Task objective: Once you have counted the lines below that contain "list", give that number and nothing else.

·····

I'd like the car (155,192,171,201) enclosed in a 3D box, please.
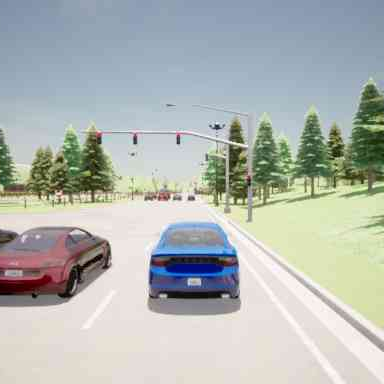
[{"bbox_3d":[-7.173,1.210,82.429,2.150,2.045,5.566,0,0,0],"label":"car"}]

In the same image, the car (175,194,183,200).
[{"bbox_3d":[-3.695,1.377,92.826,1.994,1.385,4.181,0,0,0],"label":"car"}]

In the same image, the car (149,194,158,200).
[{"bbox_3d":[-10.695,1.325,92.811,1.837,1.490,4.892,0,0,0],"label":"car"}]

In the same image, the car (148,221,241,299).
[{"bbox_3d":[0.052,1.477,8.510,1.882,1.535,5.008,0,0,0],"label":"car"}]

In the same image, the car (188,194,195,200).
[{"bbox_3d":[-0.195,1.377,92.833,1.994,1.385,4.181,0,0,0],"label":"car"}]

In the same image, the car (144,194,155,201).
[{"bbox_3d":[-10.673,1.485,82.392,1.837,1.490,4.892,0,0,0],"label":"car"}]

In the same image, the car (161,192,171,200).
[{"bbox_3d":[-7.195,1.050,92.849,2.150,2.045,5.566,0,0,0],"label":"car"}]

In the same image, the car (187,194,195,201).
[{"bbox_3d":[-0.173,1.462,82.414,1.882,1.535,5.008,0,0,0],"label":"car"}]

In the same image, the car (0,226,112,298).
[{"bbox_3d":[-3.455,1.563,8.537,1.994,1.385,4.181,0,0,1],"label":"car"}]

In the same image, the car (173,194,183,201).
[{"bbox_3d":[-3.674,1.339,82.760,2.097,1.767,4.553,0,0,0],"label":"car"}]
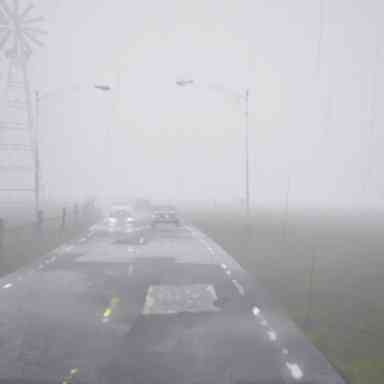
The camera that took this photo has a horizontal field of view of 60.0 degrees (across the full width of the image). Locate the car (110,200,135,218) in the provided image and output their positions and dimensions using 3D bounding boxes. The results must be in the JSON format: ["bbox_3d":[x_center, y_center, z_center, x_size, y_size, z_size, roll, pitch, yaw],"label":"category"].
[{"bbox_3d":[-6.465,1.470,30.243,1.812,1.442,4.674,0,0,-13],"label":"car"}]

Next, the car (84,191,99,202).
[{"bbox_3d":[-20.669,0.902,68.037,2.150,2.045,5.566,0,0,-28],"label":"car"}]

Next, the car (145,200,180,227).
[{"bbox_3d":[-1.932,1.517,22.537,2.033,1.411,5.357,0,0,-9],"label":"car"}]

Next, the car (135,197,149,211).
[{"bbox_3d":[-6.050,1.408,40.260,1.837,1.490,4.892,0,0,-16],"label":"car"}]
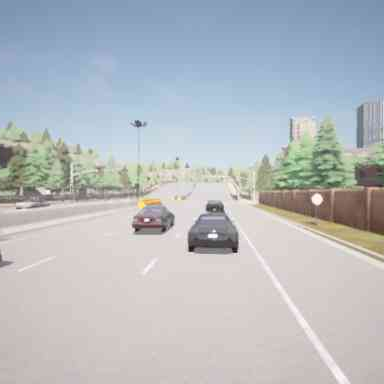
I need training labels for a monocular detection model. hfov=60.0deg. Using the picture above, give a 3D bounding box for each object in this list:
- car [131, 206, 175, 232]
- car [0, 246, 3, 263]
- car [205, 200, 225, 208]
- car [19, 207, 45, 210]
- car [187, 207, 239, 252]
[{"bbox_3d":[-2.202,1.533,20.025,2.033,1.411,5.357,1,0,4],"label":"car"},{"bbox_3d":[-6.552,1.501,7.958,1.994,1.385,4.181,1,0,4],"label":"car"},{"bbox_3d":[2.338,1.514,34.221,1.882,1.535,5.008,1,0,4],"label":"car"},{"bbox_3d":[-18.516,1.428,38.974,1.895,1.301,4.718,1,0,5],"label":"car"},{"bbox_3d":[0.896,1.578,14.108,1.994,1.385,4.181,1,0,4],"label":"car"}]
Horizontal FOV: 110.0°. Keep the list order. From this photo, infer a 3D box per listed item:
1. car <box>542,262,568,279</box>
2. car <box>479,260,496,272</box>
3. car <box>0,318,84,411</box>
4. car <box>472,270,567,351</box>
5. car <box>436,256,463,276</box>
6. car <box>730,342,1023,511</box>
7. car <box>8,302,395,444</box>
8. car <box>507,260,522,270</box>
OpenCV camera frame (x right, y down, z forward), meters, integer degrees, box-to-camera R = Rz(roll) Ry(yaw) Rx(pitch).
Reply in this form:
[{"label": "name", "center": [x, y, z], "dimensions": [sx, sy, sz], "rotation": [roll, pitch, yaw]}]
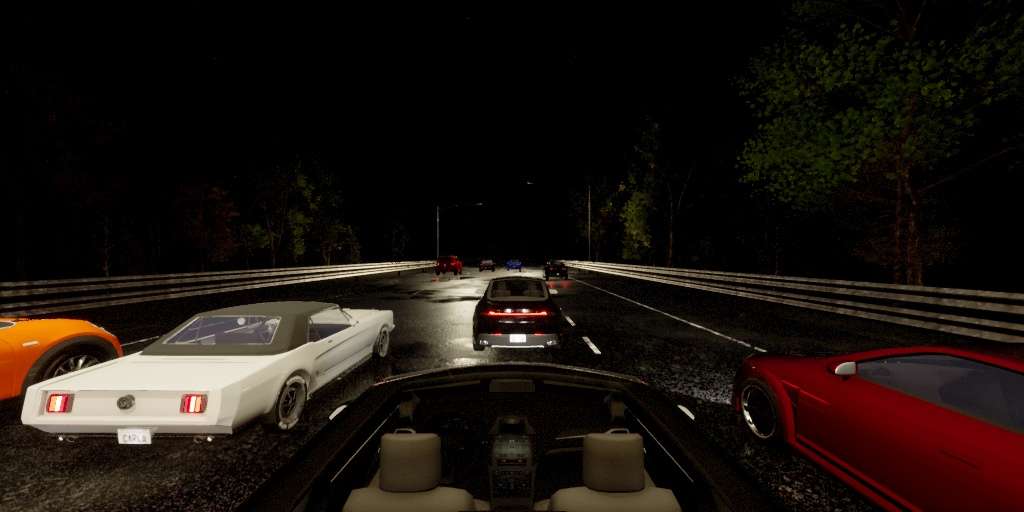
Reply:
[{"label": "car", "center": [3.733, 1.264, 31.460], "dimensions": [2.128, 1.511, 4.902], "rotation": [0, 0, 0]}, {"label": "car", "center": [-3.198, 1.286, 46.610], "dimensions": [2.128, 1.511, 4.902], "rotation": [0, 0, 0]}, {"label": "car", "center": [-6.919, 1.102, 3.473], "dimensions": [2.097, 1.767, 4.553], "rotation": [0, 0, 1]}, {"label": "car", "center": [0.122, 1.255, 8.956], "dimensions": [1.837, 1.490, 4.892], "rotation": [0, 0, 0]}, {"label": "car", "center": [-6.736, 1.006, 38.707], "dimensions": [2.150, 2.045, 5.566], "rotation": [0, 0, 0]}, {"label": "car", "center": [3.601, 1.314, 2.578], "dimensions": [1.994, 1.385, 4.181], "rotation": [0, 0, 0]}, {"label": "car", "center": [-3.401, 1.350, 5.474], "dimensions": [1.895, 1.301, 4.718], "rotation": [0, 0, 0]}, {"label": "car", "center": [0.317, 1.279, 50.251], "dimensions": [1.882, 1.535, 5.008], "rotation": [0, 0, 0]}]

·····

Answer section: 2